[EM] An improved Condorcet Hare hybrid and its generalization to STV
Jameson Quinn
jameson.quinn at gmail.com
Sat Mar 31 06:13:54 PDT 2018
I'm not sure I buy your proof sketch of clone independence. Say that we
have a Condorcet cycle A>B>C>A, and C is eliminated so that A wins. Now
clone A a bunch of times; won't that increase the score of C and decrease
that of B, so that B will be eliminated and C will win?
2018-03-30 19:24 GMT-04:00 Ross Hyman <rahyman at sbcglobal.net>:
> An improved Condorcet Hare hybrid and its generalization to STV.

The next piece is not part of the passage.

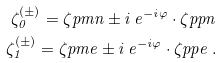<formula> <loc_0><loc_0><loc_500><loc_500>\zeta _ { 0 } ^ { ( \pm ) } = \zeta p m n \pm i \, e ^ { - i \varphi } \cdot \zeta p p n \\ \zeta _ { 1 } ^ { ( \pm ) } = \zeta p m e \pm i \, e ^ { - i \varphi } \cdot \zeta p p e \ .</formula>

> The traditional Condorcet Hare hybrid methods retains the Hare elimination
> method but changes the election criterion from majority top votes to
> Condorcet winner.
>
>
> Another way to construct a Condorcet Hare hybrid is to retain the Hare
> election criterion but change the elimination criteria to one that uses
> information from the Condorcet matrix. Such a method will be better at
> elimination in general and such a method is easier to generalize to STV.
>
>
> One such method that elects a Condorcet winner if there is one, is clone
> invariant, and satisfies proportional completion is the following:
>
> V_A>B is the number of ballots that rank A above B. V_A is the number of
> ballots that rank A at the top.
> M_A,B = (V_A>B - V_B>A)/(V_A>B + V_B>A)
> S_A = sum_B M_A,B V_B is the score for candidate A.

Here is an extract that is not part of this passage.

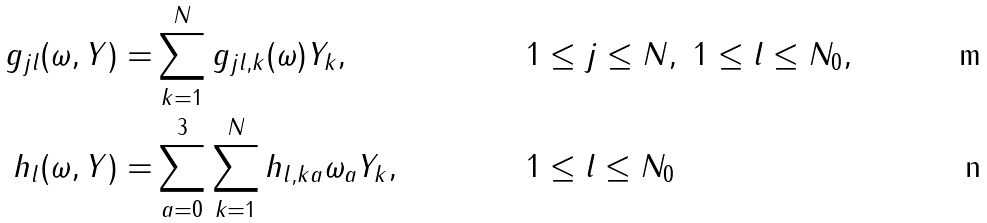Convert formula to latex. <formula><loc_0><loc_0><loc_500><loc_500>g _ { j l } ( \omega , Y ) = & \sum _ { k = 1 } ^ { N } g _ { j l , k } ( \omega ) Y _ { k } , & & 1 \leq j \leq N , \ 1 \leq l \leq N _ { 0 } , \\ h _ { l } ( \omega , Y ) = & \sum _ { a = 0 } ^ { 3 } \sum _ { k = 1 } ^ { N } h _ { l , k a } \omega _ { a } Y _ { k } , & & 1 \leq l \leq N _ { 0 }</formula>

> So long as there is no majority winner, eliminate the candidate with
> lowest score. Recalculate V_A's and S_A's. (M_A,B’s do not need to be
> recalculated.)Repeat until there is a majority winner (that is one with
> more top votes than
> the quota = total votes/2.)
>
>
> M_A,B can be any antisymmetric, M_A,B + M_B,A =0, function of V_A>B and
> V_B>A that is positive if V_A>B > V_B>A. The choice above satisfies
> proportional completion.
>
>
> Using matrix multiplication notation the score is S = MV where M is the
> antisymmetric matrix, V is the vector of top votes and S is the score
> vector. The above method uses information from the Condorcet matrix, M,
> and the top votes vector V in an equal way. I think it gives better
> results than the Condorcet Hare hybrid methods
> that only use information from V to eliminate.
>
>
> Proof that Condorcet winner will not be eliminated:If there is a Condorcet
> winner it will have a non-negative score. The weighted average of S_A,
> sum_A (V_A/V_Tot) S_A =0 so that if there is a Condorcet winner it is
> guaranteed that there will be at least one other candidate with negative
> score so the Condorcet winner will not be eliminated.
>
> Proof of independence of clones:
> S_A does not change if one of the other candidates is cloned. If A is
> cloned to A1,A2 etc. then the weighted average over the clones sum_i
> (V_Ai/V_A)S_Ai = S_A so some of the clones will have a higher score than
> the original A and some less (unless they all exactly equal S_A).This might
> mean that one of the clones of A would be eliminated before A would have
> been, but since other clones of A remain, and we are eliminating just one
> at a time, everything is ok.
>
>
> Example 6 A2, A1, B, C
> 1 A1, A2, B, C
> 5 B, C, A1, A2
> 4 C, A1, A2, B
> Ignore denominators for score calculation since they are all the same:
> S_A1 = (10 -6)V_A2 + (11 -5)V_B + (7-9)V_C
> S_A2 = (6-10)V_A1 +(11-5)V_B + (7-9)V_C
> S_B = (5-11)(V_A1 + V_A_2) + (12-4)V_C
> S_C = (9-7)(V_A1 + V_A2) + (4-12)V_B
> Initially V_A1 = 1, V_A2 =6, V_B = 5, V_C=4. No candidate’s votes exceed
> the quota of 8 so scores must be calculated and candidate with lowest score
> eliminated.
> S_A1 = 4*6 + 6*5 - 2*4 = 46
> S_A2 = -4*1 + 6*5 – 2*4 = 18
> S_B = -6*7 + 8*4 = -10
> S_C = 2*7 + -8*5 = -26
> C is eliminated.
> Now V_A1 = 6, VA2 = 5, V_B = 5. No candidate exceeds quota.
> S_A1 = 4*6 + 6*5 = 54
> S_A2 = -4*5 + 6*5 = 10
> S_B = -6*11 = -66
> B is eliminated. V_A1
> = 10, V_A2 =6. A1 is elected.
>
>
> Condorcet Hare hybrid eliminates A1 then C and elects A2. A1 is the more
> sensible winner since more voters prefer A1
> to A2 than A2 to A1.
>
>
> Generalization to STV. I lack good notation to show this in complete
> generality. For simplicity I will show it for electing 2 candidates.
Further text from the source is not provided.